Nasihat pertama tentang ambisi mengingatkan kita bahwa ambisi yang tak terkendali sering kali membuat kita buta. Kita menjadi lupa mensyukuri apa yang sudah ada di genggaman karena mata terus tertuju pada apa yang belum kita miliki. Kita terobsesi menumpuk pencapaian dan ingin mewujudkan segala hal yang ada di pikiran, seolah kepuasan adalah garis finis yang bisa dikejar, padahal ia hanyalah fatamorgana.

Sifat ambisius ini kemudian sering bercampur dengan penyakit hati yang kedua: sirik alias iri dengki. Kita mulai membanding-bandingkan diri dengan orang lain. Saat melihat orang lain lebih kaya, kita ingin mengalahkannya. Saat orang lain lebih dicintai atau dipuji, kita pun ingin merebut posisi itu.

Padahal, hidup bukanlah sebuah kompetisi untuk saling mengalahkan. Keinginan untuk selalu terlihat "lebih" dari orang lain itulah yang perlahan menggerogoti ketenangan hati. Kita menjadi lupa untuk menikmati proses dan mensyukuri pencapaian kecil kita sendiri karena mata kita terlalu sibuk menatap rumput tetangga. Rasa iri hanya membuat kita lelah mengejar bayang-bayang kepuasan yang semu, mengubah kawan menjadi lawan, dan mengubah rezeki menjadi sekadar angka tanpa keberkahan.

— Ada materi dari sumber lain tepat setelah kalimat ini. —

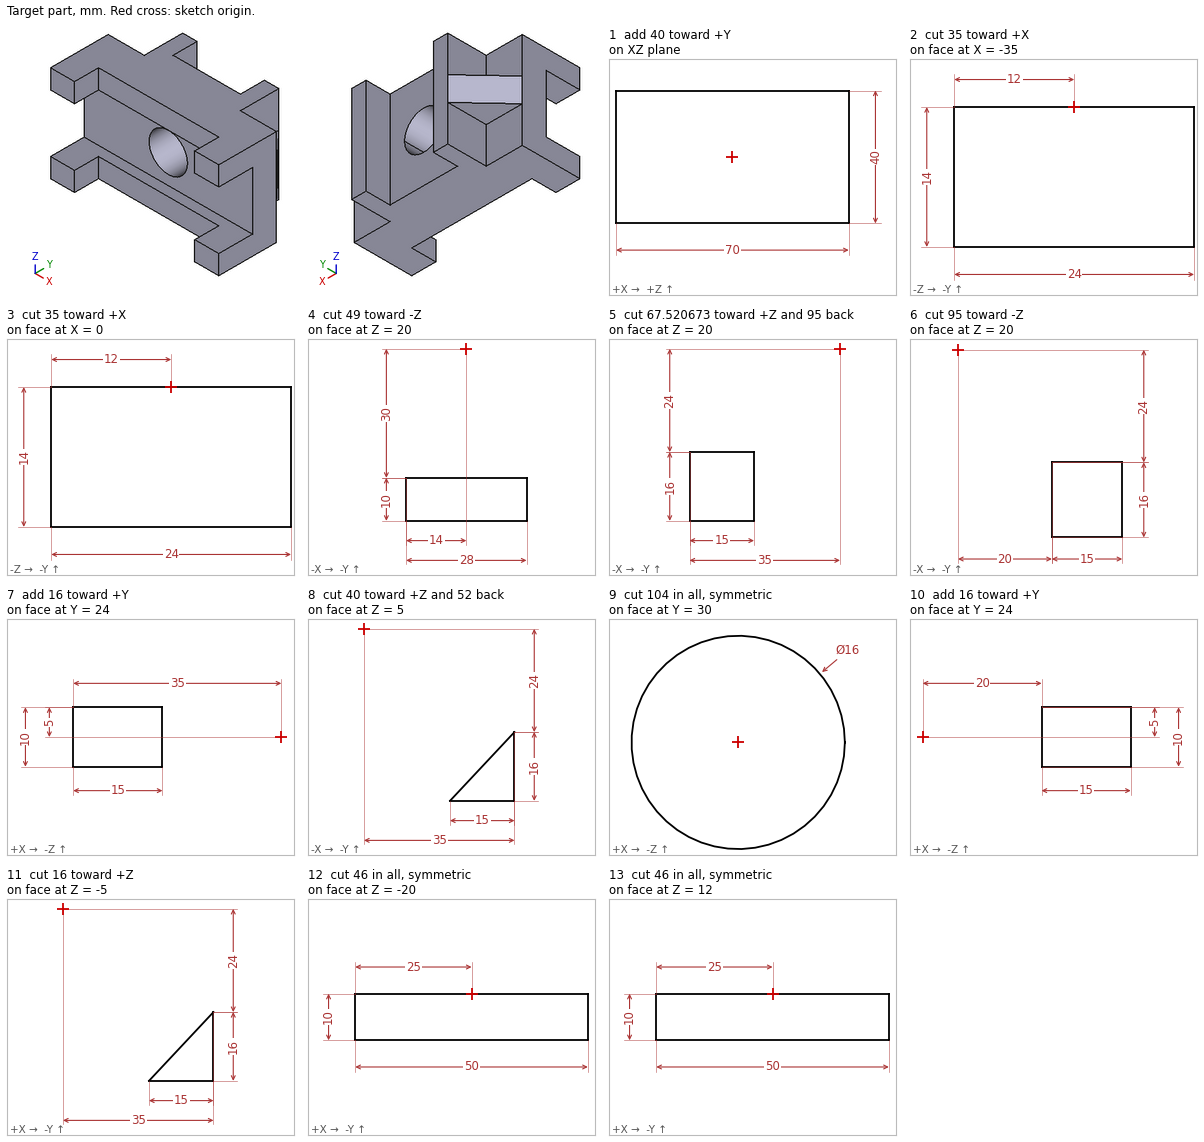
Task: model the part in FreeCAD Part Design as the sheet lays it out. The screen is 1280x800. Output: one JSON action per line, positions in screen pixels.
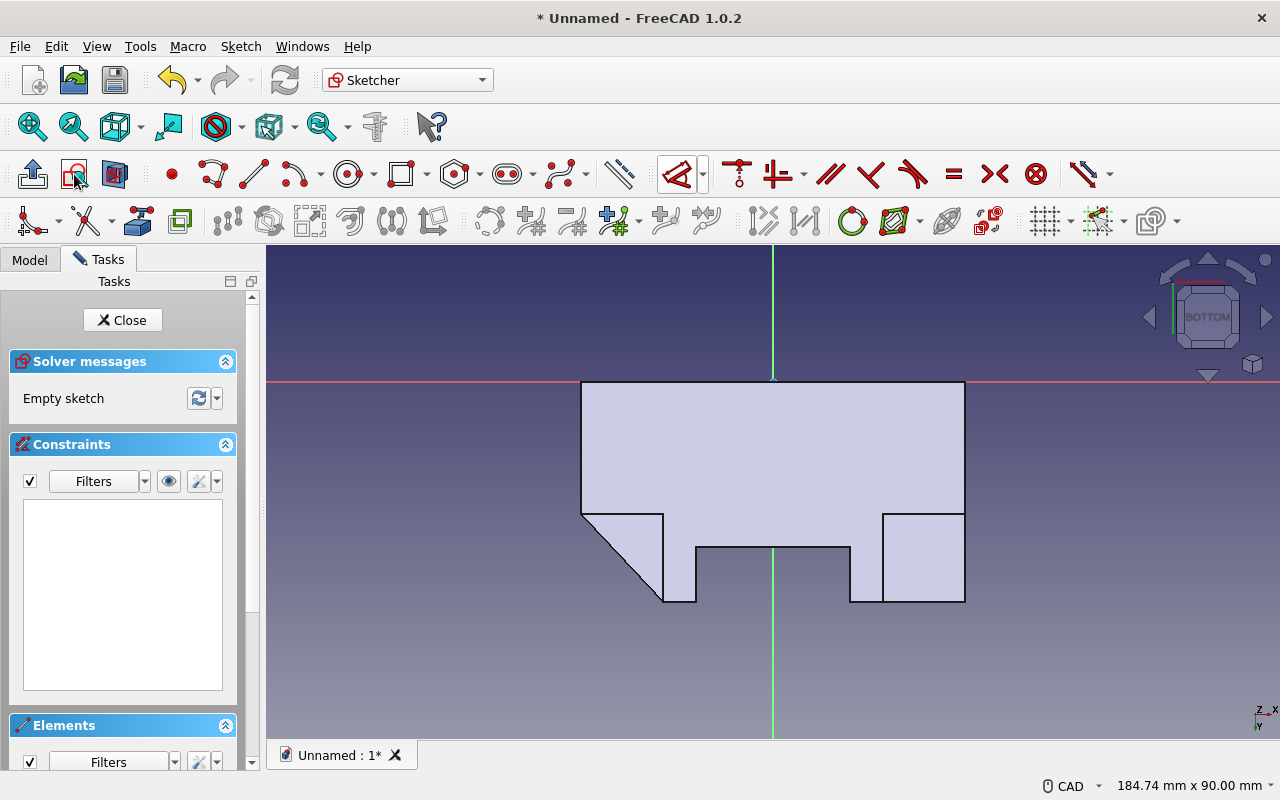
{"action": "scroll", "coordinate": [1019, 586], "scroll_direction": "up", "scroll_amount": 6}

Di sinilah poin ketiga hadir sebagai penawar yang paling ampuh: perbanyak sedekah.

Sedekah bukan sekadar soal memberi uang kepada yang membutuhkan, melainkan sebuah latihan spiritual untuk melepas kemelekatan duniawi. Sedekah adalah mekanisme untuk "mengerem" ambisi yang liar dan "mengobati" hati yang dengki. Ketika tangan kita terbiasa memberi, hati kita diajarkan bahwa tidak semua hal di dunia ini harus digenggam erat. Kita disadarkan bahwa rezeki yang kita kejar mati-matian, sejatinya adalah titipan yang harus mengalir agar tetap jernih, bukan dibiarkan menggenang hingga keruh.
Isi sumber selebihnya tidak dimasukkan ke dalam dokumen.